Dick Neale, technical manager for Hutchinsons, acknowledges that cover crops have had a rocky introduction into the UK, as every new technique is initially measured on the financial return.
“This is largely because the financial positives or negatives a cover crop brings in the initial stages of introduction are marginal with the potential for a negative financial impact often overriding the positive,” he said. “However, measuring a catch or cover crops success or value, based purely on one year’s yield impact fails to recognise the significant improvements in soil structural health, biology, nutrient flow and water management their use imparts over time.”
He pointed out that the value of catch and cover crops can be increased by sowing in August, to intercept longer days of sunlight energy and recharge the soil’s ‘biological battery’.

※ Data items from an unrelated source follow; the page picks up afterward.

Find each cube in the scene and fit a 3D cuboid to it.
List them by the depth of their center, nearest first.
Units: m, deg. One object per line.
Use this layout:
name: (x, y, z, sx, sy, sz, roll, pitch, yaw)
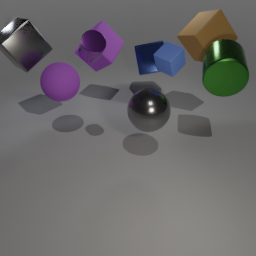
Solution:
cube: (1.349, -2.218, 9.034, 0.700, 0.700, 0.700, 33, 71, 32)
cube: (-4.098, -3.229, 10.855, 1.400, 1.400, 1.400, -47, 41, -12)
cube: (3.102, -3.582, 11.036, 1.400, 1.400, 1.400, -47, 26, -2)
cube: (-1.306, -3.676, 12.726, 1.400, 1.400, 1.400, -10, 47, 52)
cube: (1.171, -3.448, 13.875, 1.400, 1.400, 1.400, -9, 12, 8)

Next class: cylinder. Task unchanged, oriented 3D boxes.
cylinder: (-1.038, -2.323, 8.017, 0.700, 0.700, 0.700, -13, -6, -20)
cylinder: (3.183, -1.986, 9.258, 1.400, 1.400, 1.400, 6, 43, 10)

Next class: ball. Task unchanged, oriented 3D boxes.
ball: (0.671, -0.573, 9.029, 1.400, 1.400, 1.400, 0, 30, 0)
ball: (-2.428, -1.651, 10.072, 1.400, 1.400, 1.400, 0, 30, 0)
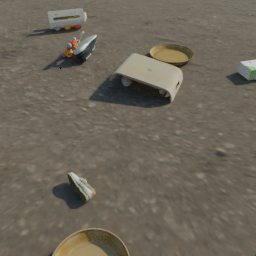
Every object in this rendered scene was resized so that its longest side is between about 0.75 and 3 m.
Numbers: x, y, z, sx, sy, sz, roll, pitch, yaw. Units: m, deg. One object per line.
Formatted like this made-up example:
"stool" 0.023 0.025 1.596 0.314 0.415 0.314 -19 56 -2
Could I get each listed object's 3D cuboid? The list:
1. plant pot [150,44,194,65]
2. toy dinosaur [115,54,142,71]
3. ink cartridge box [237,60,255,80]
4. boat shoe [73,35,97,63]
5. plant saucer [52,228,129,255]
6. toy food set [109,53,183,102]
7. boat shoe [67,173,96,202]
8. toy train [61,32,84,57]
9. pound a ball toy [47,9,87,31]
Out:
"plant pot" 1.938 -3.234 12.425 1.958 0.269 1.958 0 38 0
"toy dinosaur" 0.365 -2.571 11.268 1.797 0.692 0.919 -4 25 -12
"ink cartridge box" 5.227 -2.352 11.159 1.385 0.466 0.811 -10 40 -12
"boat shoe" -1.833 -3.581 12.610 0.776 0.619 2.052 -12 33 31
"plant saucer" -0.694 2.597 5.173 1.493 0.264 1.493 0 39 0
"toy food set" 0.742 -1.869 10.465 2.420 0.731 1.737 22 43 11
"boat shoe" -1.119 1.368 6.687 0.305 0.333 0.891 -24 52 -34
"toy train" -2.330 -3.621 12.401 0.450 1.215 1.617 42 36 -14
"pound a ball toy" -3.248 -5.889 15.405 2.194 0.932 1.431 -11 15 -14
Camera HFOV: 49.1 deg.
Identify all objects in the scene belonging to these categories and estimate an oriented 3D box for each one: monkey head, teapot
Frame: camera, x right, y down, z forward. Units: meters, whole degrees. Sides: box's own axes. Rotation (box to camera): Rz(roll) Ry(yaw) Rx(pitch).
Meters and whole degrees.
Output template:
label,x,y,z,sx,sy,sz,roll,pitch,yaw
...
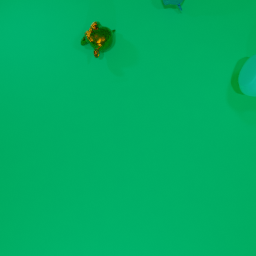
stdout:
label,x,y,z,sx,sy,sz,roll,pitch,yaw
monkey head,-0.840,-2.398,7.654,0.745,0.890,1.237,39,54,-21
teapot,3.212,-1.257,6.676,0.843,1.070,1.721,19,43,-11
monkey head,1.261,-3.884,7.823,0.740,1.227,0.883,-6,34,-2
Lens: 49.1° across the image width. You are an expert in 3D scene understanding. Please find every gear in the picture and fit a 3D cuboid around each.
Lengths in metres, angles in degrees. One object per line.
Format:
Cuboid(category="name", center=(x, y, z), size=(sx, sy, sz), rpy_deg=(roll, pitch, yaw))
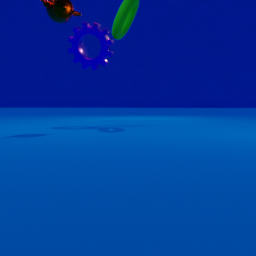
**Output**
Cuboid(category="gear", center=(-1.284, -2.807, 9.652), size=(1.569, 1.569, 0.290), rpy_deg=(1, 18, 12))

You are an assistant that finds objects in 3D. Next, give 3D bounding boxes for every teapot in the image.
Cuboid(category="teapot", center=(-1.851, -3.260, 7.600), size=(1.217, 0.757, 0.596), rpy_deg=(8, 9, -33))

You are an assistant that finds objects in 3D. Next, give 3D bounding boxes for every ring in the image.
Cuboid(category="ring", center=(-0.077, -3.705, 9.346), size=(0.314, 1.571, 1.571), rpy_deg=(28, 6, 2))
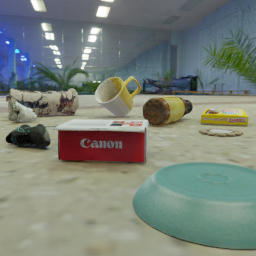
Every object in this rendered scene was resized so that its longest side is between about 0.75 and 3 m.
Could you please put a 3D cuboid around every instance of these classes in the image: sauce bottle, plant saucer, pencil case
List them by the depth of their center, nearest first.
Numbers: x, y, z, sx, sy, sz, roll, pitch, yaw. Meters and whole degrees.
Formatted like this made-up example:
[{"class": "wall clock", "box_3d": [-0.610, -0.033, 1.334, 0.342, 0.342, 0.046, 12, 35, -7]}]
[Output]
[{"class": "plant saucer", "box_3d": [0.912, 0.660, 2.963, 1.730, 0.311, 1.730, 0, 9, 0]}, {"class": "sauce bottle", "box_3d": [1.580, -0.666, 10.027, 0.974, 0.974, 2.950, 5, 9, 33]}, {"class": "pencil case", "box_3d": [-3.725, -1.129, 12.245, 2.995, 1.165, 1.339, -4, 21, -22]}]

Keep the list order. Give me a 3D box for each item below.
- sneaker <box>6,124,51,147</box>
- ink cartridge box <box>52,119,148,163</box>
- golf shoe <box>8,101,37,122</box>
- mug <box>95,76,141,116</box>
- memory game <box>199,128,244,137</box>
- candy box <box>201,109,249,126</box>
[{"class": "sneaker", "box_3d": [-2.079, 0.220, 5.833, 1.344, 0.507, 0.533, 0, 20, 47]}, {"class": "ink cartridge box", "box_3d": [-0.408, 0.218, 4.876, 1.487, 0.623, 1.305, 1, 8, 6]}, {"class": "golf shoe", "box_3d": [-3.964, -0.520, 10.557, 0.912, 0.734, 1.876, 15, 6, -30]}, {"class": "mug", "box_3d": [-0.318, -1.230, 11.777, 1.690, 1.353, 1.387, -13, -38, 26]}, {"class": "memory game", "box_3d": [2.501, 0.115, 7.565, 1.157, 0.074, 1.157, 0, 7, 0]}, {"class": "candy box", "box_3d": [3.580, -0.449, 10.407, 1.489, 0.385, 2.912, 5, 10, 18]}]
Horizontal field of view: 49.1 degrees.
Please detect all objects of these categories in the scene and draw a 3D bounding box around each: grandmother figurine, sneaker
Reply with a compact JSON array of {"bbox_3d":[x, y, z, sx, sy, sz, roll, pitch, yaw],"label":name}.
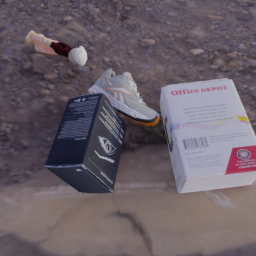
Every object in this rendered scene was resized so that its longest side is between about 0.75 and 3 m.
[{"bbox_3d":[-2.319,-2.683,9.552,2.309,0.699,1.400,26,21,24],"label":"grandmother figurine"},{"bbox_3d":[-0.031,-0.998,8.141,2.554,0.967,1.175,31,90,29],"label":"sneaker"}]

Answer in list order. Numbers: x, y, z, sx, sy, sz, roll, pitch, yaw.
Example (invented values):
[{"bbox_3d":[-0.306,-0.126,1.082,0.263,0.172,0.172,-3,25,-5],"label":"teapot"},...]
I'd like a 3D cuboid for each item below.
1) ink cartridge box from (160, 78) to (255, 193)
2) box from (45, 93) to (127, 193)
[{"bbox_3d":[2.133,0.173,7.629,2.082,1.208,2.822,-6,57,-2],"label":"ink cartridge box"},{"bbox_3d":[-0.959,0.407,7.139,1.086,1.541,2.082,-5,53,25],"label":"box"}]
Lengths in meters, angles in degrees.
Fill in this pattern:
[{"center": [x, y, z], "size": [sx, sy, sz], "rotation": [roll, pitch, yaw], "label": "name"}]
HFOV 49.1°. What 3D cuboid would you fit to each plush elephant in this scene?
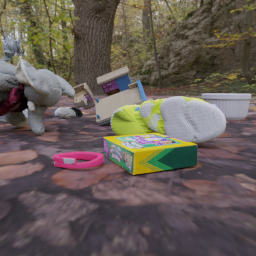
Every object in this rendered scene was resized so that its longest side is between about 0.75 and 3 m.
[{"center": [-2.773, -0.875, 7.641], "size": [2.261, 2.921, 2.405], "rotation": [23, 9, 20], "label": "plush elephant"}]

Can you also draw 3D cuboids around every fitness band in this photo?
[{"center": [-0.820, 0.522, 4.624], "size": [0.890, 0.167, 0.639], "rotation": [1, 5, 37], "label": "fitness band"}]

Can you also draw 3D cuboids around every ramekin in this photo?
[{"center": [4.075, -0.920, 11.762], "size": [1.970, 1.034, 1.970], "rotation": [1, 8, 0], "label": "ramekin"}]

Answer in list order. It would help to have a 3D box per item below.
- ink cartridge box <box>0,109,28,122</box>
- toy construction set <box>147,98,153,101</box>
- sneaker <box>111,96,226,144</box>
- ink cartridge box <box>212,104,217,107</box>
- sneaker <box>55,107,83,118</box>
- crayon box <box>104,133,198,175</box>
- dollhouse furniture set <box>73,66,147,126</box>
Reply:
[{"center": [-4.625, -0.811, 11.778], "size": [2.136, 0.631, 2.669], "rotation": [3, 13, 22], "label": "ink cartridge box"}, {"center": [1.051, -1.097, 14.501], "size": [1.019, 0.716, 1.554], "rotation": [3, -3, 15], "label": "toy construction set"}, {"center": [1.037, -0.240, 6.835], "size": [2.839, 1.075, 1.491], "rotation": [4, 9, 32], "label": "sneaker"}, {"center": [2.645, -0.439, 9.226], "size": [0.418, 0.724, 0.992], "rotation": [5, 5, 24], "label": "ink cartridge box"}, {"center": [-2.512, -0.625, 11.907], "size": [1.307, 0.470, 0.474], "rotation": [2, -22, -44], "label": "sneaker"}, {"center": [0.325, 0.391, 4.812], "size": [1.140, 0.385, 1.321], "rotation": [-5, 9, -23], "label": "crayon box"}, {"center": [-0.533, -0.507, 10.426], "size": [2.704, 1.869, 2.864], "rotation": [-21, 39, 6], "label": "dollhouse furniture set"}]
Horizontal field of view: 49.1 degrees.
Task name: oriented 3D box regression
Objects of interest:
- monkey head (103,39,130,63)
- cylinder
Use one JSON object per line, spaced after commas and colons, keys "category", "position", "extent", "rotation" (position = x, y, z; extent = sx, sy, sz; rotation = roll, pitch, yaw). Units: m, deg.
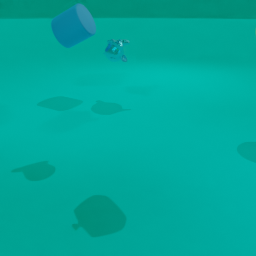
{"category": "monkey head", "position": [-0.320, -2.444, 8.827], "extent": [0.807, 0.676, 1.122], "rotation": [-21, 38, -34]}
{"category": "cylinder", "position": [-1.741, -3.271, 9.025], "extent": [1.042, 1.042, 1.042], "rotation": [-19, 15, 25]}
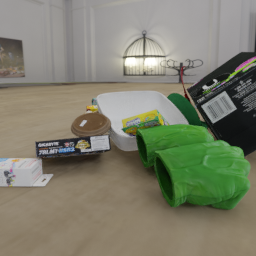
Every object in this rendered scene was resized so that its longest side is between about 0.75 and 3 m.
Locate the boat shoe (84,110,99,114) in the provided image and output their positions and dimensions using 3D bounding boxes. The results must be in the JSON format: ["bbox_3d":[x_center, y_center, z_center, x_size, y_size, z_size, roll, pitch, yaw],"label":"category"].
[{"bbox_3d":[-1.506,-0.354,10.923,0.692,0.649,1.876,4,13,20],"label":"boat shoe"}]

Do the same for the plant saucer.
[{"bbox_3d":[-0.946,-0.106,7.139,1.042,0.154,1.042,-3,36,2],"label":"plant saucer"}]

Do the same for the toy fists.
[{"bbox_3d":[1.196,0.626,5.588,1.529,1.031,2.999,-10,15,-8],"label":"toy fists"}]

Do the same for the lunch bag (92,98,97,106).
[{"bbox_3d":[-1.296,-1.233,14.770,1.098,0.786,1.289,-5,19,-18],"label":"lunch bag"}]

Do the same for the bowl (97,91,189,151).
[{"bbox_3d":[0.356,-0.170,8.284,2.347,0.877,2.350,-7,37,-21],"label":"bowl"}]

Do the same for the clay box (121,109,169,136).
[{"bbox_3d":[0.490,-0.032,7.182,0.934,0.387,1.625,-16,-20,16],"label":"clay box"}]

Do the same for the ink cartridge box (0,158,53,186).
[{"bbox_3d":[-2.186,0.891,5.709,1.161,0.394,0.668,0,12,1],"label":"ink cartridge box"}]

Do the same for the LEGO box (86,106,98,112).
[{"bbox_3d":[-1.095,-0.653,12.471,1.515,0.585,1.128,-1,12,-7],"label":"LEGO box"}]

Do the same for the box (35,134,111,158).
[{"bbox_3d":[-1.316,0.469,6.652,1.588,0.397,1.599,-3,-7,-13],"label":"box"}]

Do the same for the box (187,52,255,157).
[{"bbox_3d":[3.071,-0.771,7.749,2.169,1.815,2.920,-33,9,15],"label":"box"}]

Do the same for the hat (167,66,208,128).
[{"bbox_3d":[2.006,-1.280,11.120,2.233,2.373,2.695,-4,13,-21],"label":"hat"}]
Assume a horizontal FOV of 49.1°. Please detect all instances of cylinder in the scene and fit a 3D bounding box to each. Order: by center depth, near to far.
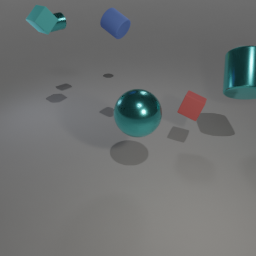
[{"bbox_3d":[-0.397,-3.311,8.888,0.700,0.700,0.700,41,43,12],"label":"cylinder"},{"bbox_3d":[3.951,-1.809,9.391,1.400,1.400,1.400,7,-9,1],"label":"cylinder"},{"bbox_3d":[-3.122,-4.531,11.991,0.700,0.700,0.700,26,43,37],"label":"cylinder"}]

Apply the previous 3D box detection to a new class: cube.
[{"bbox_3d":[2.203,-0.772,9.613,0.700,0.700,0.700,27,27,9],"label":"cube"},{"bbox_3d":[-3.171,-4.002,10.345,0.700,0.700,0.700,28,83,38],"label":"cube"}]

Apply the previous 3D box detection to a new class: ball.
[{"bbox_3d":[0.283,-0.427,8.105,1.400,1.400,1.400,0,30,0],"label":"ball"}]
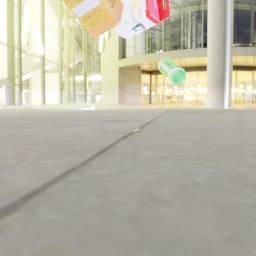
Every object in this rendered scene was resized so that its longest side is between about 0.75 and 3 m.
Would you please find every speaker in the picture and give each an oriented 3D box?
[{"bbox_3d":[1.789,-2.330,11.450,0.726,0.726,1.643,-1,30,-15],"label":"speaker"}]

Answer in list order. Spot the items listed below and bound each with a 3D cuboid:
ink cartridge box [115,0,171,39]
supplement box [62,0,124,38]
[{"bbox_3d":[0.411,-3.706,8.898,1.791,1.041,0.602,-14,-15,37],"label":"ink cartridge box"},{"bbox_3d":[-0.893,-2.524,4.645,0.682,0.660,1.983,-19,-44,32],"label":"supplement box"}]
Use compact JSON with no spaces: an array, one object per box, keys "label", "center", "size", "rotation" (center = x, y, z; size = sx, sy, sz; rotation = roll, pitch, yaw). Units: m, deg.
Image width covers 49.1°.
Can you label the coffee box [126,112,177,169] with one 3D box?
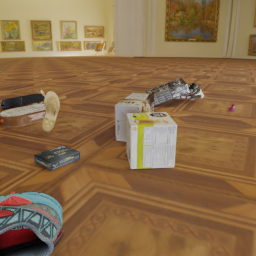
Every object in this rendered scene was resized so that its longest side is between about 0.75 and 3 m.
[{"label":"coffee box","center":[0.669,0.337,8.537],"size":[1.341,1.356,1.354],"rotation":[-2,19,-5]}]

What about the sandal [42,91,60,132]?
[{"label":"sandal","center":[-2.937,-0.759,10.917],"size":[0.650,1.772,0.583],"rotation":[17,-29,-28]}]

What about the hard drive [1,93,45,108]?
[{"label":"hard drive","center":[-5.411,-1.399,14.375],"size":[2.325,0.492,1.568],"rotation":[0,14,43]}]

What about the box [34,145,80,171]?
[{"label":"box","center":[-2.157,0.892,8.583],"size":[0.871,0.282,1.105],"rotation":[17,25,38]}]

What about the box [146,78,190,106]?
[{"label":"box","center":[2.152,-2.015,15.504],"size":[2.192,0.546,1.729],"rotation":[-21,20,6]}]

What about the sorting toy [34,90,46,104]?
[{"label":"sorting toy","center":[-4.779,-1.497,15.150],"size":[0.466,0.872,0.785],"rotation":[35,14,-26]}]

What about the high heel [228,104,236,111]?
[{"label":"high heel","center":[5.290,-1.058,14.380],"size":[0.367,0.258,0.765],"rotation":[13,33,6]}]

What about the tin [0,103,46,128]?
[{"label":"tin","center":[-4.510,-0.618,12.719],"size":[1.531,0.572,2.734],"rotation":[21,27,38]}]

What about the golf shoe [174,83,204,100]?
[{"label":"golf shoe","center":[3.336,-1.971,16.436],"size":[1.029,0.902,2.336],"rotation":[33,-14,-31]}]

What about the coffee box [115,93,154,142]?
[{"label":"coffee box","center":[0.323,-0.495,10.971],"size":[0.957,1.373,2.400],"rotation":[5,20,16]}]

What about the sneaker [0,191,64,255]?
[{"label":"sneaker","center":[-2.532,1.800,4.636],"size":[2.868,1.137,1.370],"rotation":[-6,21,-15]}]
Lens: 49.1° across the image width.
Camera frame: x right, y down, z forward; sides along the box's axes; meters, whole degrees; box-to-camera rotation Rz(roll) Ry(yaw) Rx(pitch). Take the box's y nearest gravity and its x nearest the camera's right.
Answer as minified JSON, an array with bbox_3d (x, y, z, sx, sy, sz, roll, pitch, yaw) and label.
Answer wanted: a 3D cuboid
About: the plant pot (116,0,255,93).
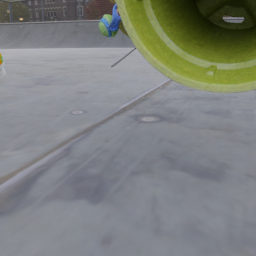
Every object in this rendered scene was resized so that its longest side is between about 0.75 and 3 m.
[{"bbox_3d":[1.594,-2.263,4.124,2.850,2.850,2.620,8,27,22],"label":"plant pot"}]

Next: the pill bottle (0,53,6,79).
[{"bbox_3d":[-3.495,-1.779,6.952,0.653,1.176,0.653,-2,48,2],"label":"pill bottle"}]

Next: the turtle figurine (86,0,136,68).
[{"bbox_3d":[0.346,-3.506,8.165,2.850,2.115,2.939,-24,1,-4],"label":"turtle figurine"}]
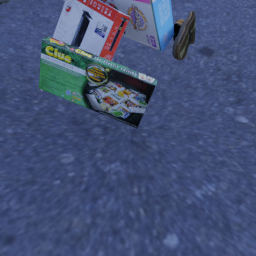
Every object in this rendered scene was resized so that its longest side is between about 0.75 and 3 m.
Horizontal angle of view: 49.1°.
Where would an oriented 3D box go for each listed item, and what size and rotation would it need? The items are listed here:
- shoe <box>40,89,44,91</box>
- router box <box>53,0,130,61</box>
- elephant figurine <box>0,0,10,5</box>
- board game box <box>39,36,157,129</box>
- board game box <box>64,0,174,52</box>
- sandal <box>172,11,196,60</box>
[{"bbox_3d":[-1.418,-1.132,6.597,0.636,0.499,1.398,45,46,-7],"label":"shoe"},{"bbox_3d":[-0.874,-1.996,5.931,1.594,1.430,0.389,40,24,30],"label":"router box"},{"bbox_3d":[-3.567,-3.033,6.856,0.981,1.075,1.386,-3,40,-36],"label":"elephant figurine"},{"bbox_3d":[-0.589,-0.767,4.936,2.009,1.053,0.236,23,45,0],"label":"board game box"},{"bbox_3d":[-0.468,-3.108,6.255,2.989,2.287,0.603,30,77,22],"label":"board game box"},{"bbox_3d":[1.294,-2.249,6.779,0.526,0.787,1.927,10,46,21],"label":"sandal"}]
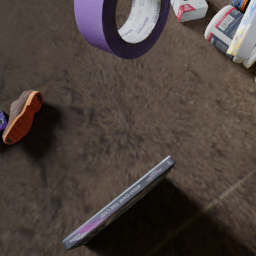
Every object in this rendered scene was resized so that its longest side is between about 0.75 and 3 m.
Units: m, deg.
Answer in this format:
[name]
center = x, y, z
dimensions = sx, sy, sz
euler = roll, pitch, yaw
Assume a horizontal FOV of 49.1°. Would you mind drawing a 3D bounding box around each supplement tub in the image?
[supplement tub]
center = 3.549, -2.935, 9.067
dimensions = 1.271, 1.271, 1.812
euler = -43, 76, -14

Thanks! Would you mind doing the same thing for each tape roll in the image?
[tape roll]
center = -0.053, -2.544, 5.859
dimensions = 0.863, 2.031, 2.031
euler = 32, 72, 34

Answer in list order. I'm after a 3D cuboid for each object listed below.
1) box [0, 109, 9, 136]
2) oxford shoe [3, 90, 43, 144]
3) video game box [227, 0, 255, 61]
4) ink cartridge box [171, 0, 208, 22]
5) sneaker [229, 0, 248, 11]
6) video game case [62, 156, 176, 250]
[box]
center = -4.117, -0.046, 8.520
dimensions = 0.953, 0.376, 0.673
euler = -27, 70, -9
[oxford shoe]
center = -3.315, -0.352, 8.558
dimensions = 0.677, 0.662, 1.856
euler = 15, 63, 21
[video game box]
center = 3.000, -2.494, 6.829
dimensions = 0.370, 1.440, 1.581
euler = 23, 110, 6
[ink cartridge box]
center = 2.119, -4.567, 10.029
dimensions = 0.975, 0.560, 1.342
euler = -15, 71, -5
[sneaker]
center = 4.065, -5.007, 10.200
dimensions = 0.619, 0.595, 1.579
euler = 11, 69, 9
[video game case]
center = -0.131, 1.884, 6.905
dimensions = 2.917, 2.084, 0.277
euler = -36, 74, -12
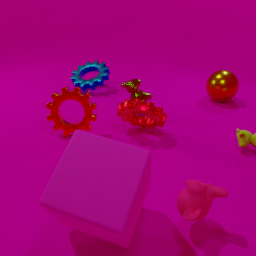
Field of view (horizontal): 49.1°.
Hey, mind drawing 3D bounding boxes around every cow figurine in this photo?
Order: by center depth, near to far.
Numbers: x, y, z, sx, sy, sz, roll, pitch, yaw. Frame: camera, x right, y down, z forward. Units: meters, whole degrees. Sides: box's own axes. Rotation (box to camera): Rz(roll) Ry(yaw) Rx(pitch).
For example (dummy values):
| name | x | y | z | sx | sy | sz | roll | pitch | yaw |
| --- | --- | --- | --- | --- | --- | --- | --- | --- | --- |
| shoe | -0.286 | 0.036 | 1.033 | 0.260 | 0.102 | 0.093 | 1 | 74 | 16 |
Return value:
| name | x | y | z | sx | sy | sz | roll | pitch | yaw |
| --- | --- | --- | --- | --- | --- | --- | --- | --- | --- |
| cow figurine | 3.331 | 0.241 | 7.123 | 0.986 | 1.002 | 0.550 | 52 | 19 | 10 |
| cow figurine | 0.233 | -0.970 | 8.825 | 1.098 | 1.116 | 0.612 | 8 | 3 | -41 |

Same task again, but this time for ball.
| name | x | y | z | sx | sy | sz | roll | pitch | yaw |
| --- | --- | --- | --- | --- | --- | --- | --- | --- | --- |
| ball | 3.357 | -1.498 | 9.979 | 1.131 | 1.131 | 1.131 | 0 | 29 | 0 |

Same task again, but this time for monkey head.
| name | x | y | z | sx | sy | sz | roll | pitch | yaw |
| --- | --- | --- | --- | --- | --- | --- | --- | --- | --- |
| monkey head | 1.262 | 1.269 | 4.801 | 0.820 | 0.687 | 1.140 | 8 | -3 | 22 |

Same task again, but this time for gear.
| name | x | y | z | sx | sy | sz | roll | pitch | yaw |
| --- | --- | --- | --- | --- | --- | --- | --- | --- | --- |
| gear | -1.565 | -0.455 | 7.835 | 1.390 | 1.390 | 0.257 | 0 | 15 | 0 |
| gear | 0.380 | -0.366 | 7.843 | 1.377 | 1.377 | 0.255 | 9 | 69 | 15 |
| gear | -1.469 | -2.062 | 10.960 | 1.504 | 0.278 | 1.504 | -7 | 49 | 8 |

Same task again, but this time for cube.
| name | x | y | z | sx | sy | sz | roll | pitch | yaw |
| --- | --- | --- | --- | --- | --- | --- | --- | --- | --- |
| cube | -0.419 | 1.023 | 4.622 | 1.300 | 1.300 | 1.300 | 16 | 61 | 13 |
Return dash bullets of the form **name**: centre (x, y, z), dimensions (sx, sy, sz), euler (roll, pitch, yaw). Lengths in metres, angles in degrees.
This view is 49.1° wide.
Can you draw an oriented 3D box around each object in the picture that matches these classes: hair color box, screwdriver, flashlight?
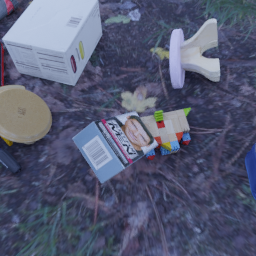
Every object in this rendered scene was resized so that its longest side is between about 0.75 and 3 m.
- **hair color box**: centre (-0.169, 0.330, 6.535), dimensions (0.687, 2.266, 1.122), euler (-36, 84, 23)
- **screwdriver**: centre (-3.759, 0.283, 7.369), dimensions (2.453, 0.357, 0.342), euler (47, 68, -6)
- **flashlight**: centre (-5.117, -4.424, 10.796), dimensions (0.674, 0.677, 1.992), euler (17, 57, 32)

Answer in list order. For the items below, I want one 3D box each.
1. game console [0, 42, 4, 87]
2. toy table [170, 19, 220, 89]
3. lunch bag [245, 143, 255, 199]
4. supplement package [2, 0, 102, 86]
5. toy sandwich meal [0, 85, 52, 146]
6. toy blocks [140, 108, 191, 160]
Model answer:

“Increasingly research is demonstrating the importance of below-ground biomass in the building of soil organic matter (SOM) with figures recording over 40% of root matter being retained as SOM while top growth contributes only 8% to SOM,” he said. “Cash crops must not be forgotten in the process of building SOM but catch and cover crops play a vital role in filling the gaps in rotational cropping, in particular being present during the August to November period when UK soils are traditionally bare from post-harvest cultivation.”
Making the right choice
The choice of cover crop is crucial to optimise performance, he added, and should be picked to address identified issues on individual fields and to match the management approach outside of the cover period; be it grazing, rolling, spray and direct drilling, or cultivation.
“Covers can be used to address carbon: nitrogen ratios within the soil which can impact the soils’ ability to ‘digest’ high lignin residue like wheat straw, equally they can be used to slow the ‘burn rate’ of SOM in lighter soil fractions,” he said. “The focus is knowing what the state the soil is in and what it needs.
“Cover crops can be used to add significant diversity into rotations and are an ideal opportunity to get legumes into the cropping cycles and reduce reliance on applied artificial nitrogen.
“Following crops must be considered as there is a significant risk of yield reduction where oats or rye are a high proportion of the cover crop mix prior to spring barley or wheat. Where cereals dominate the rotation, utilising oats as the cover adds little in diversification terms.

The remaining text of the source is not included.